» **Instructions for the task**: Each line in the records below, from the one that contains "The horizontal FOV is 49.0°." to the one that contains "Objective: localize the", should be reproduced exactly, the first and last included.

Segment Start: Exercise inputs

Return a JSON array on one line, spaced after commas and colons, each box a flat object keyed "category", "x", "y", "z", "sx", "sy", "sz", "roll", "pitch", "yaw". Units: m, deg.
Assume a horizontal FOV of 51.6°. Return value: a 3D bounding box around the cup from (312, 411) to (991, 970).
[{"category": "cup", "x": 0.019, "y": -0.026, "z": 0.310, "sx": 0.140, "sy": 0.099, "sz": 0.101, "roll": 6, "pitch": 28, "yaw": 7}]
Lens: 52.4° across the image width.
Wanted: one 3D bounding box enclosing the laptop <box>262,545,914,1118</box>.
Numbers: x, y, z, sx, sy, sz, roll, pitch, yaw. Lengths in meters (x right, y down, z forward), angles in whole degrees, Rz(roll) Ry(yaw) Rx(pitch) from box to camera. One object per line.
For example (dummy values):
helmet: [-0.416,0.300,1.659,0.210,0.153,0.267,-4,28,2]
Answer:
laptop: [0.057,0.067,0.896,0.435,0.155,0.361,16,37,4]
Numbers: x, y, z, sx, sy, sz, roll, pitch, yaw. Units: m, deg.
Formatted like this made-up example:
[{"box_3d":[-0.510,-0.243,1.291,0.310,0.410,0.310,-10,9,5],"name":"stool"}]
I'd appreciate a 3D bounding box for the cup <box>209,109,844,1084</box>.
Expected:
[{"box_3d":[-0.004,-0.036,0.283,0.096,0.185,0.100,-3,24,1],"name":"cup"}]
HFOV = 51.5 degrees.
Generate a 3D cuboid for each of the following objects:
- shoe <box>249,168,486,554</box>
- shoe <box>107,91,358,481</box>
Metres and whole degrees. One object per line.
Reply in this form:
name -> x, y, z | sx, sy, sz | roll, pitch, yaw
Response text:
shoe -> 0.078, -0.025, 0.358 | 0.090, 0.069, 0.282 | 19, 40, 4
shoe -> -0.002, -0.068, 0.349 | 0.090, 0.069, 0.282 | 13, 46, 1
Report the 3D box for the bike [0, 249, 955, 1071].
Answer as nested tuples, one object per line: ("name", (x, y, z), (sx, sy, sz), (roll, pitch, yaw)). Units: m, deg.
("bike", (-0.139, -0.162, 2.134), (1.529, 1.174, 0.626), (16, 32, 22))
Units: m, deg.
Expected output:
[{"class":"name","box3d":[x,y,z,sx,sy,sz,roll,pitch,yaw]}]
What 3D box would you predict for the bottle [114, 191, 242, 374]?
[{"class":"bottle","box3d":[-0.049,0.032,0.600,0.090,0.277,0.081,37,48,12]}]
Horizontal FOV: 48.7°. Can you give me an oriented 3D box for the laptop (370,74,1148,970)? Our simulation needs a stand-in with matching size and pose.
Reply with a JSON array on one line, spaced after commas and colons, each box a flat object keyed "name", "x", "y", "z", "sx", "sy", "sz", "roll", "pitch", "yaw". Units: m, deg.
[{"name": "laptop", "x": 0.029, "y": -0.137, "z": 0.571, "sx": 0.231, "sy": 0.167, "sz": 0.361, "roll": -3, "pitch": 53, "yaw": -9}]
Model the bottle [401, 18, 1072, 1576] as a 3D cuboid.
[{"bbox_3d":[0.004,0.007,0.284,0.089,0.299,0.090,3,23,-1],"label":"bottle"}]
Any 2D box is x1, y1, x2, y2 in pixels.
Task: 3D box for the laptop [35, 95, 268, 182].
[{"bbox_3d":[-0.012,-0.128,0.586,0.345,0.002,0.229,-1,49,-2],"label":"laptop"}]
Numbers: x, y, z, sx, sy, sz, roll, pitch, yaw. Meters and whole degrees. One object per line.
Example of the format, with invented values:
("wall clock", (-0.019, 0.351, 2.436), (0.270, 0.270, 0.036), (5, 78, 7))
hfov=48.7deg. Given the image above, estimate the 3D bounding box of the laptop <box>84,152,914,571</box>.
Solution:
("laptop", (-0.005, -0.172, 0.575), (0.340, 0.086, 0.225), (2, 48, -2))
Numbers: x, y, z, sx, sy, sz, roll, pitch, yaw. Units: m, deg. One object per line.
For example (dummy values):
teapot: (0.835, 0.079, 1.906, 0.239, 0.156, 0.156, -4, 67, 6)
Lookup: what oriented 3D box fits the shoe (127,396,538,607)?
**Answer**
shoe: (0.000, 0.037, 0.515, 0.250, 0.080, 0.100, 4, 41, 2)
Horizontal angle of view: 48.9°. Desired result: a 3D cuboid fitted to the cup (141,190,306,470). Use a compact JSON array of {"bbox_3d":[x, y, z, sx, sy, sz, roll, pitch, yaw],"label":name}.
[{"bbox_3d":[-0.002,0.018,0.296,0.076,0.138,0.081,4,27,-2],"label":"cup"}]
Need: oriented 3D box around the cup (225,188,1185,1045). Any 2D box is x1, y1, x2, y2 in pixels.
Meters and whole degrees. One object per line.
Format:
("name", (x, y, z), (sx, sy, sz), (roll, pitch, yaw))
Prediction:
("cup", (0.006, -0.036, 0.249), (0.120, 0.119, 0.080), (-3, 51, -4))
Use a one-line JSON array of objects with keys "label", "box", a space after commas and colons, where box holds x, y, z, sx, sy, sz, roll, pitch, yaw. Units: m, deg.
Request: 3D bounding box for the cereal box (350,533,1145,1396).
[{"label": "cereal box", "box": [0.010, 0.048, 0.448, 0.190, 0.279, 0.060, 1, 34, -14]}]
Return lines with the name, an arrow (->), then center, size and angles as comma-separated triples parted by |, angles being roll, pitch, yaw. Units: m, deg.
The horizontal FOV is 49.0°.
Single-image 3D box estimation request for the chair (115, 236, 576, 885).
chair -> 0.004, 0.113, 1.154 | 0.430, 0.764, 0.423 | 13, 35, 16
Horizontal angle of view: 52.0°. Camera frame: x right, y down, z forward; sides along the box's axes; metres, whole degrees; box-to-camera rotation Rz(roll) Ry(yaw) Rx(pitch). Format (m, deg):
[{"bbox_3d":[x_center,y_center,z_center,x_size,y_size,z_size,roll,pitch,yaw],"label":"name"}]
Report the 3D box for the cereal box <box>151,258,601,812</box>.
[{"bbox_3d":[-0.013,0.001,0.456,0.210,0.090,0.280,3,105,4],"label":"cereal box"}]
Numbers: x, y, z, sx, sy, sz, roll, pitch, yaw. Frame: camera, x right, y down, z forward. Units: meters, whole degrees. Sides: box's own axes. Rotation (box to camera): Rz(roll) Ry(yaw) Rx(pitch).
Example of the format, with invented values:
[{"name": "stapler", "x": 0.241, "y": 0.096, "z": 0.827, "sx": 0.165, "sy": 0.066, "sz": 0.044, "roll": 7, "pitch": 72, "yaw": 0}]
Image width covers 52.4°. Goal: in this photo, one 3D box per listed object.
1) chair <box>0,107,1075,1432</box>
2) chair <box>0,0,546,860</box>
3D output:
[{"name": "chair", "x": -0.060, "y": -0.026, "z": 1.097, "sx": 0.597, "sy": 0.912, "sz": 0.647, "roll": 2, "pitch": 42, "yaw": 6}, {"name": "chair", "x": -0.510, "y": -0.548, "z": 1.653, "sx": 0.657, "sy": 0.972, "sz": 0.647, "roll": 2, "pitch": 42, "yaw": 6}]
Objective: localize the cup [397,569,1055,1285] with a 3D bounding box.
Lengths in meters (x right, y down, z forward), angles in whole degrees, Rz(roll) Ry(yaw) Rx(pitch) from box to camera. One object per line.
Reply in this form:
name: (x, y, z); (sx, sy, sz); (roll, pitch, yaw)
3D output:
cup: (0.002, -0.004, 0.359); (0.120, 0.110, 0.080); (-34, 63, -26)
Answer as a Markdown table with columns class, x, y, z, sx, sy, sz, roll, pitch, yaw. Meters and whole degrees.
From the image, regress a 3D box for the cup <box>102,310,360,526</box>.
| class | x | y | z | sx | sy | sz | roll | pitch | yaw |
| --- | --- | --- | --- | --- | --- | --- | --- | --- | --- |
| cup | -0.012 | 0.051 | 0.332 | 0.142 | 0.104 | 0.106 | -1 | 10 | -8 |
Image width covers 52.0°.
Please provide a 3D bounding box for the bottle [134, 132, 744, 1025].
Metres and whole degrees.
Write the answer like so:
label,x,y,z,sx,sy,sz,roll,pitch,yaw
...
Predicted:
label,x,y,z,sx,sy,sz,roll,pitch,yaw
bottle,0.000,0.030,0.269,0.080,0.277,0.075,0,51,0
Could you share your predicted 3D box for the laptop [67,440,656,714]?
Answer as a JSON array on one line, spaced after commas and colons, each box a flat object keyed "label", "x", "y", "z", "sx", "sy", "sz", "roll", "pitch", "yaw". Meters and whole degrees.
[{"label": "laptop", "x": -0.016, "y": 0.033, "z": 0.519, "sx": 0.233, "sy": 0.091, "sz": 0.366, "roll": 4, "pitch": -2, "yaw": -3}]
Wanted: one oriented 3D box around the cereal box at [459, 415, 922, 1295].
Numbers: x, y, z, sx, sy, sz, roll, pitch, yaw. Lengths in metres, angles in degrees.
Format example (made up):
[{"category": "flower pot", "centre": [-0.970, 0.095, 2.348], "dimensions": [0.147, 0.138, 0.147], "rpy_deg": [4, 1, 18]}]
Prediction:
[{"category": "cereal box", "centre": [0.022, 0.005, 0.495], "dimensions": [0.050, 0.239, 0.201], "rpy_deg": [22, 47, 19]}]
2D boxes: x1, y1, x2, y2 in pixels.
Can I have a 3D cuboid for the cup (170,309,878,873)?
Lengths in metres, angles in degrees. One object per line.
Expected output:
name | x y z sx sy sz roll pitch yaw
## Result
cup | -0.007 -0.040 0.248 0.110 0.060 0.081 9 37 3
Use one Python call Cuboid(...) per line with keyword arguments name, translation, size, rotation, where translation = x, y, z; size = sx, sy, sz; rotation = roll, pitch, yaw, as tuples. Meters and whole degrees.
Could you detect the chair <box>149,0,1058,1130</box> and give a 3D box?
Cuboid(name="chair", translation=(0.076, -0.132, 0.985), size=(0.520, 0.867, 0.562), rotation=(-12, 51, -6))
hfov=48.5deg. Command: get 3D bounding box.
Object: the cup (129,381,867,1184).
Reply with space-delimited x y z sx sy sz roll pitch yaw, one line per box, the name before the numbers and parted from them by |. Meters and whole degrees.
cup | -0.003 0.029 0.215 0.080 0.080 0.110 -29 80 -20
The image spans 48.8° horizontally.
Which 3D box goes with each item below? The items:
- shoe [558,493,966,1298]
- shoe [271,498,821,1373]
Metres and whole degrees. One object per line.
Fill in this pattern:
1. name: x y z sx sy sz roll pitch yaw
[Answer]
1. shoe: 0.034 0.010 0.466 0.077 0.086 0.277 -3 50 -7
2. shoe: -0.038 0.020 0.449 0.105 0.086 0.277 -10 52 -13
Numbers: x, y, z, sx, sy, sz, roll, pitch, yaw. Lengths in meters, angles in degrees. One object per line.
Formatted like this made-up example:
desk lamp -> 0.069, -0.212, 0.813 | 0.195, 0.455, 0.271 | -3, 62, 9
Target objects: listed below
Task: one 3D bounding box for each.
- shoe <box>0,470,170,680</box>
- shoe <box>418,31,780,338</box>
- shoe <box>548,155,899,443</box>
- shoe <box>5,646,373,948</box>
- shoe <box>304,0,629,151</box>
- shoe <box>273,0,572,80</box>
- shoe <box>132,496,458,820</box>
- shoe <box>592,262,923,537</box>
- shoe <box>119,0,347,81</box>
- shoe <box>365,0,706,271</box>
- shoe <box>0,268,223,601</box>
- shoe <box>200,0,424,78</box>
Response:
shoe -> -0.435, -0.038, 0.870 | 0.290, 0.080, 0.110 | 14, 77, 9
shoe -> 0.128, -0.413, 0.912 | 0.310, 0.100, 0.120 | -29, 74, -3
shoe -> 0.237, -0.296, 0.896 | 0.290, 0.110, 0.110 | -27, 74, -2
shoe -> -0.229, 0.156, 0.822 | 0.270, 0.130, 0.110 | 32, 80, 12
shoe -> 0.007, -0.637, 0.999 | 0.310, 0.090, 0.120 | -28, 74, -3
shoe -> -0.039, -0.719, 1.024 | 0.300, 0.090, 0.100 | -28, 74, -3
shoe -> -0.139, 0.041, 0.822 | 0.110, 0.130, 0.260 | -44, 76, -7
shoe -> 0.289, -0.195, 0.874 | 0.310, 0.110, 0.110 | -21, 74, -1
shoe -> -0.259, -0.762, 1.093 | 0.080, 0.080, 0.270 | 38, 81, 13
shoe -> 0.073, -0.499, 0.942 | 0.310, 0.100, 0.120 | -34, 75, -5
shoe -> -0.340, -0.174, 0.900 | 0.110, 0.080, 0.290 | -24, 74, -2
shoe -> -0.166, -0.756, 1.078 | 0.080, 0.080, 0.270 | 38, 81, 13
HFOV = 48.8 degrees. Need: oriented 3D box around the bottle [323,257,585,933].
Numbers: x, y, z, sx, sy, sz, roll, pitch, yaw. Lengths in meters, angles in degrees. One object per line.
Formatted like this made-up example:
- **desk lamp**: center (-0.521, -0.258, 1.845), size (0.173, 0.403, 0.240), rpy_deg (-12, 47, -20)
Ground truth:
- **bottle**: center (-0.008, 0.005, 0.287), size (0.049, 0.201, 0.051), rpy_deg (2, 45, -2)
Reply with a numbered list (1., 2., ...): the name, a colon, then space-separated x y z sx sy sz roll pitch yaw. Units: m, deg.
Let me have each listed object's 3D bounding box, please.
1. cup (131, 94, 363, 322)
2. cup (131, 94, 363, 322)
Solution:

Segment End: Exercise inputs

» **Answer space**:
The horizontal FOV is 49.0°.
Single-image 3D box estimation request for the chair (115, 236, 576, 885).
chair -> 0.004, 0.113, 1.154 | 0.430, 0.764, 0.423 | 13, 35, 16
Horizontal angle of view: 52.0°. Camera frame: x right, y down, z forward; sides along the box's axes; metres, whole degrees; box-to-camera rotation Rz(roll) Ry(yaw) Rx(pitch). Format (m, deg):
[{"bbox_3d":[x_center,y_center,z_center,x_size,y_size,z_size,roll,pitch,yaw],"label":"name"}]
Report the 3D box for the cereal box <box>151,258,601,812</box>.
[{"bbox_3d":[-0.013,0.001,0.456,0.210,0.090,0.280,3,105,4],"label":"cereal box"}]
Numbers: x, y, z, sx, sy, sz, roll, pitch, yaw. Frame: camera, x right, y down, z forward. Units: meters, whole degrees. Sides: box's own axes. Rotation (box to camera): Rz(roll) Ry(yaw) Rx(pitch).
Example of the format, with invented values:
[{"name": "stapler", "x": 0.241, "y": 0.096, "z": 0.827, "sx": 0.165, "sy": 0.066, "sz": 0.044, "roll": 7, "pitch": 72, "yaw": 0}]
Image width covers 52.4°. Goal: in this photo, one 3D box per listed object.
1) chair <box>0,107,1075,1432</box>
2) chair <box>0,0,546,860</box>
3D output:
[{"name": "chair", "x": -0.060, "y": -0.026, "z": 1.097, "sx": 0.597, "sy": 0.912, "sz": 0.647, "roll": 2, "pitch": 42, "yaw": 6}, {"name": "chair", "x": -0.510, "y": -0.548, "z": 1.653, "sx": 0.657, "sy": 0.972, "sz": 0.647, "roll": 2, "pitch": 42, "yaw": 6}]
Objective: localize the cup [397,569,1055,1285] with a 3D bounding box.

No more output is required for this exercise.